You can also get these links in Discord by typing !bug or !suggestion

Alpha channel is now.. beta

Until now, we've had two release channels - bleeding-edge-alpha, and daily-release-stable. Recent bugs have made it clear that we need a middle-ground, where significant changes can have a few days to surface their bugs (like the upcoming RDTClient upgrade).

Behind-the-scenes, I've moved my breaking-development changes into an unversioned, "alpha" chart, and promoted the existing alpha chart to beta. The idea is that beta gets upstream updates to containers immediately as they become available (like Plex or Radarr updates), whereas stable users continue to get these during the daily maintenance windows.

New apps and breaking changes will be tested in alpha first, before being merged (with much fanfare!) into dev, and ultimately rolling into stable.

If you're a power-user/guinea-pig, and you'd like to be on the beta channel to receive and pre-test updates, let me know!

Price-balancing is coming

I've been working on the previously-announced price-balancing planned for 1 April. The goal is to better align our app prices with our costs, such that we achieve profitability (or at the very least, break-even on cash expenses).
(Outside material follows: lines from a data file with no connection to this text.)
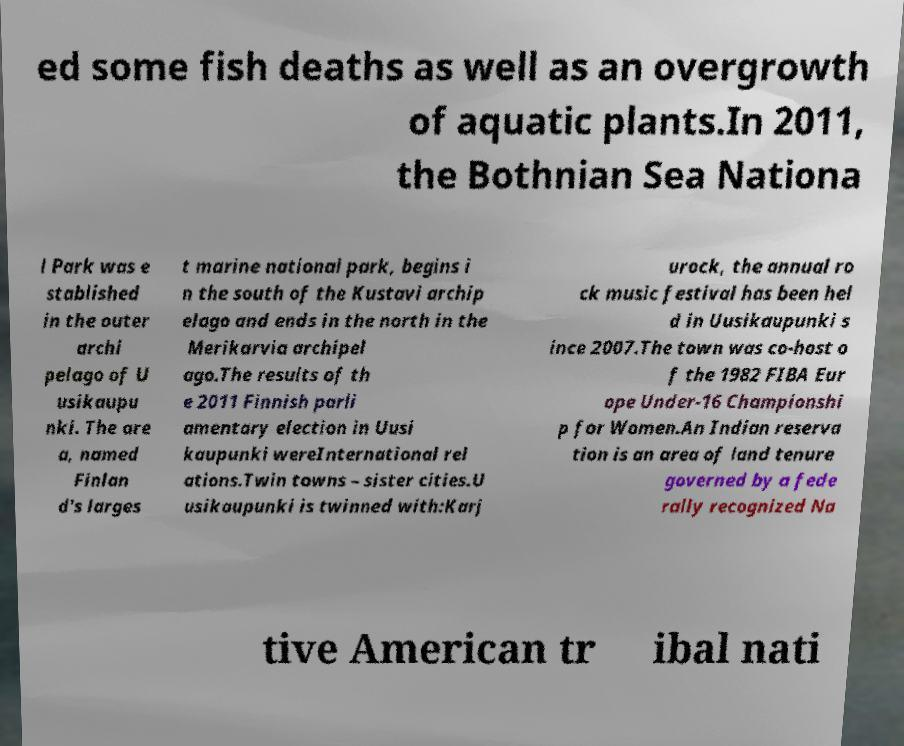I need the written content from this picture converted into text. Can you do that? ed some fish deaths as well as an overgrowth of aquatic plants.In 2011, the Bothnian Sea Nationa l Park was e stablished in the outer archi pelago of U usikaupu nki. The are a, named Finlan d's larges t marine national park, begins i n the south of the Kustavi archip elago and ends in the north in the Merikarvia archipel ago.The results of th e 2011 Finnish parli amentary election in Uusi kaupunki wereInternational rel ations.Twin towns – sister cities.U usikaupunki is twinned with:Karj urock, the annual ro ck music festival has been hel d in Uusikaupunki s ince 2007.The town was co-host o f the 1982 FIBA Eur ope Under-16 Championshi p for Women.An Indian reserva tion is an area of land tenure governed by a fede rally recognized Na tive American tr ibal nati 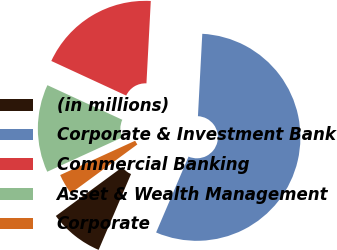Convert chart. <chart><loc_0><loc_0><loc_500><loc_500><pie_chart><fcel>(in millions)<fcel>Corporate & Investment Bank<fcel>Commercial Banking<fcel>Asset & Wealth Management<fcel>Corporate<nl><fcel>8.49%<fcel>55.59%<fcel>18.95%<fcel>13.72%<fcel>3.25%<nl></chart> 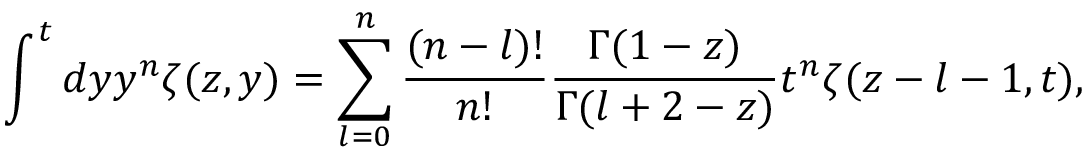Convert formula to latex. <formula><loc_0><loc_0><loc_500><loc_500>\int ^ { t } d y y ^ { n } \zeta ( z , y ) = \sum _ { l = 0 } ^ { n } \frac { ( n - l ) ! } { n ! } \frac { \Gamma ( 1 - z ) } { \Gamma ( l + 2 - z ) } t ^ { n } \zeta ( z - l - 1 , t ) ,</formula> 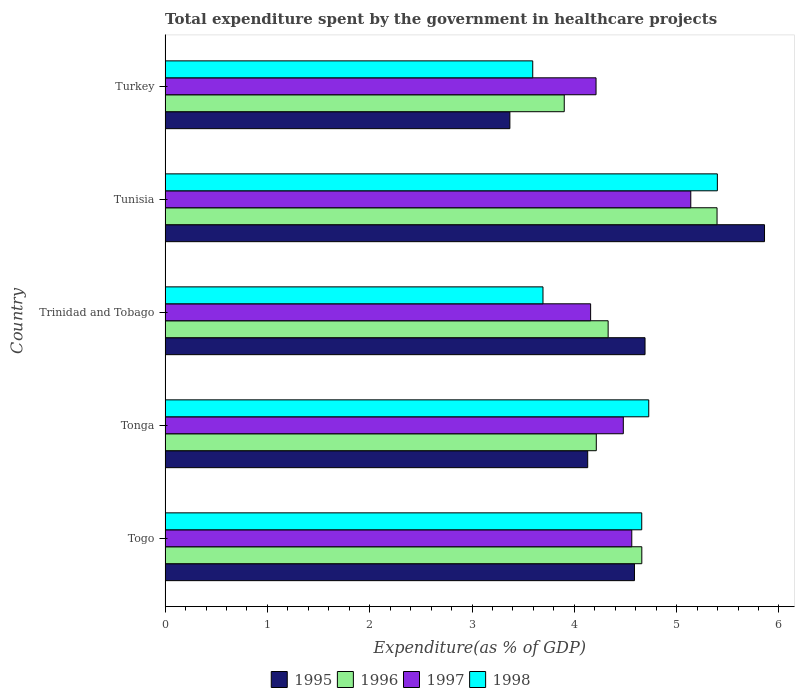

Existing subscriptions won't be repriced

Existing subscriptions will not be repriced1. The price you're currently paying for your apps, will remain the price, for as long as you're subscribed.

Because it's important to me that our pricing be transparent, I've deployed kubecost into the cluster - in a few days, we'll have accurate data on which to base per-app pricing, and I'll make another announcement.

Kubecost does all sorts of clever things, but the basic take-away for us is that it can give us a base rate per-app calculated on actual CPU / RAM usage, and apportion the cost of "spare capacity" across the apps (because it's impossible to run the cluster at 100% utilization!). For details on how costs are calculated, if you like to geek out on this stuff, see the OpenCost specification.

So, no firm details yet, just be advised that (a) change is coming, and (b) existing subscriptions will be unaffected.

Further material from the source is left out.